Ähnlich ist die Situation im Landkreis Erding. Baute der Bund Naturschutz früher an sechs bis sieben Stellen um Erding, Wörth, Dorfen und im Schwaigermoos Krötenzäune auf, ist nur der in Langengeisling geblieben. Auch dort sei die Zahl der Amphibien deutlich zurückgegangen, „aber es lohnt sich noch“, sagt Geschäftsführerin Sabine Lanzner. An den anderen Standorten sei das nicht mehr der Fall. Es gibt aber noch einige private Initiativen, etwa in Buch am Buchrain.
Der Artenbestand sei, ähnlich wie bei den Insekten, zum Teil um 60 bis 75 Prozent eingebrochen, sagt Willner. Das Artensterben sei mittlerweile überall festzustellen. Freisings BN-Kreisvorsitzender spricht von einem „schleichenden Prozess, der sich leider nicht mehr aufhalten lässt“. Das Hauptproblem auch für den Rückgang der Amphibien sieht er in der intensiven Landwirtschaft und dem Pestizideinsatz. Selbst in Naturschutzgebieten seien Pestizideinträge festzustellen, die Pufferzonen seien nicht groß genug. Hinzu kämen die „Verbauung der Landschaft“ und der Klimawandel. Der lässt die Amphibien womöglich anfälliger werden für Krankheiten. Eine große Bedrohung für die Bestände ist aktuell der Befall mit dem Chytridpilz. Gerade bei milden Temperaturen könne er sich ausbreiten, erklärt Willner.
Auch bei Langengeisling ist die Zahl der querenden Amphibien stark zurückgegangen. 2024 waren es laut Sabine Lanzner insgesamt etwa 630 Tiere in beide Richtungen, früher mehr als 1000. Den Zaun dort hat diesmal das Staatliche Bauamt Freising aufgebaut, Helfer des Bund Naturschutz betreuen den Standort.
Besonders drastisch war der Rückgang im Bereich Dorfen und St. Wolfgang zu beobachten. Um das Jahr 2000 wurden an zwei Zäunen noch etwa 2000 beziehungsweise 1000 Tiere gezählt. 20 Jahre später waren es so wenige, dass die Einsammel-Aktion zunächst bei St. Colomann und 2020 auch bei Gatterberg eingestellt wurde. Auch Lanzner nennt dies „sehr erschreckend“. Sie kann, immerhin, aber auch über eine positive Entwicklung berichten. Am Regenrückhaltebecken in Buch am Buchrain habe man in den vergangenen Jahren steigende Zahlen verzeichnet.

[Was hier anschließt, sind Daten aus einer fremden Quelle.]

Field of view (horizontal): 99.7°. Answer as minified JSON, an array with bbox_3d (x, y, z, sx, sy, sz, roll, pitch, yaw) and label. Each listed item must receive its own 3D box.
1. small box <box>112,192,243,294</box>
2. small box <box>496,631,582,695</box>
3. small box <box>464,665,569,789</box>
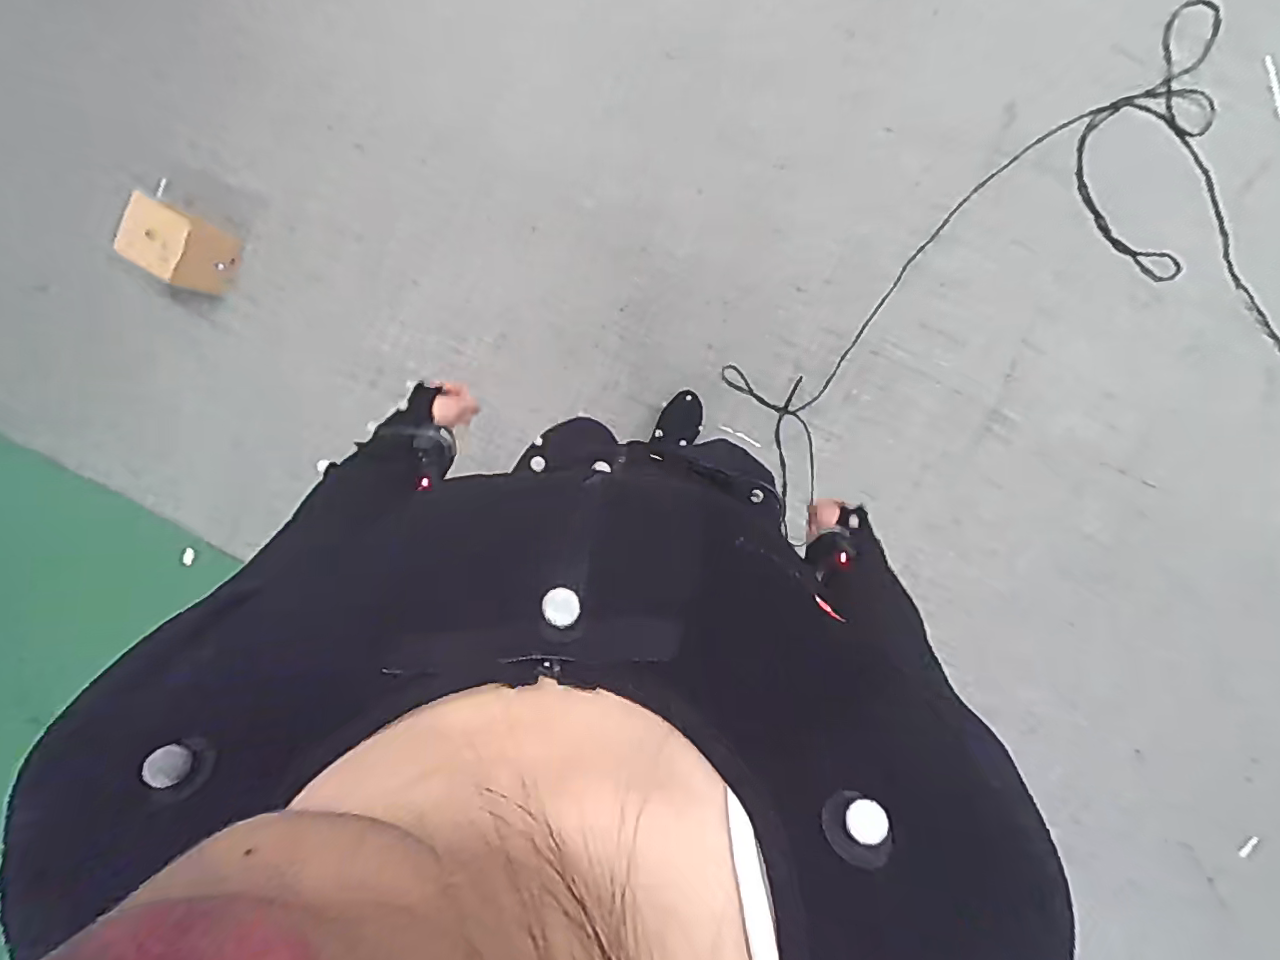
[{"bbox_3d":[-1.224,-0.620,1.441,0.179,0.176,0.168,31,100,1],"label":"small box"},{"bbox_3d":[-0.270,0.539,1.445,0.168,0.176,0.179,24,98,2],"label":"small box"},{"bbox_3d":[-0.283,0.575,1.285,0.168,0.176,0.179,29,98,1],"label":"small box"}]

Die ehrenamtlichen Helfer leisten „einen immensen Beitrag“, sagt der BN-Kreis-Vorsitzende
Auch im Landkreis Freising kümmern sich an mehreren Orten Privatpersonen um die wandernden Amphibien, zum Beispiel in Hörgertshausen, Gandorf oder Rudelzhausen. Bei Schernbuch, Gemeinde Paunzhausen, engagiert sich Claus Niewierra gemeinsam mit einem weiteren Helfer. Sie hatten beobachtet, dass sich mit dem Umbau der Unterführung dort vor etwa neun Jahren auch der Wanderweg der Amphibien veränderte. Dutzende Tiere wurden überfahren. Niewierra wollte das nicht hinnehmen, seitdem hat er im Frühjahr ein arbeitsintensives Hobby.
Am vergangenen Freitag und Samstag bauten die beiden ehrenamtlichen Helfer den Zaun auf, „acht bis zehn Stunden an beiden Tagen“. Morgens sammeln sie in der Wanderzeit eine Stunde lang die Amphibien ein, „zu 95 Prozent Erdkröten“, aber auch Frösche, Teich- und Bergmolche. „Möglichst früh, um sie nicht zu lange warten zu lassen“, sagt Niewierra. 500 bis 700 Stück sind es in etwa. Auch er hat beobachtet, dass es weniger werden.
„Wir sind den Ehrenamtlichen sehr dankbar für den immensen Beitrag, den sie leisten“, sagt Tobias Meyer von der Unteren Naturschutzbehörde in Freising. Wie viele Tiere im Landkreis pro Jahr insgesamt eingesammelt werden, darüber gebe es derzeit noch keine aussagekräftigen Statistiken, weil dafür Beobachtungen über mehrere Jahre notwendig seien. „Wir wollen das Monitoring in den nächsten Jahren aber ausbauen.“ Auf dieser Grundlage lässt sich dann verfolgen, ob der Artenschwund weitergeht. Amphibien seien ein wichtiger Bestandteil des Feucht-Ökosystems. Wird die Artenzusammensetzung zerstört, warnt Wolfgang Willner, „funktioniert es nicht mehr“.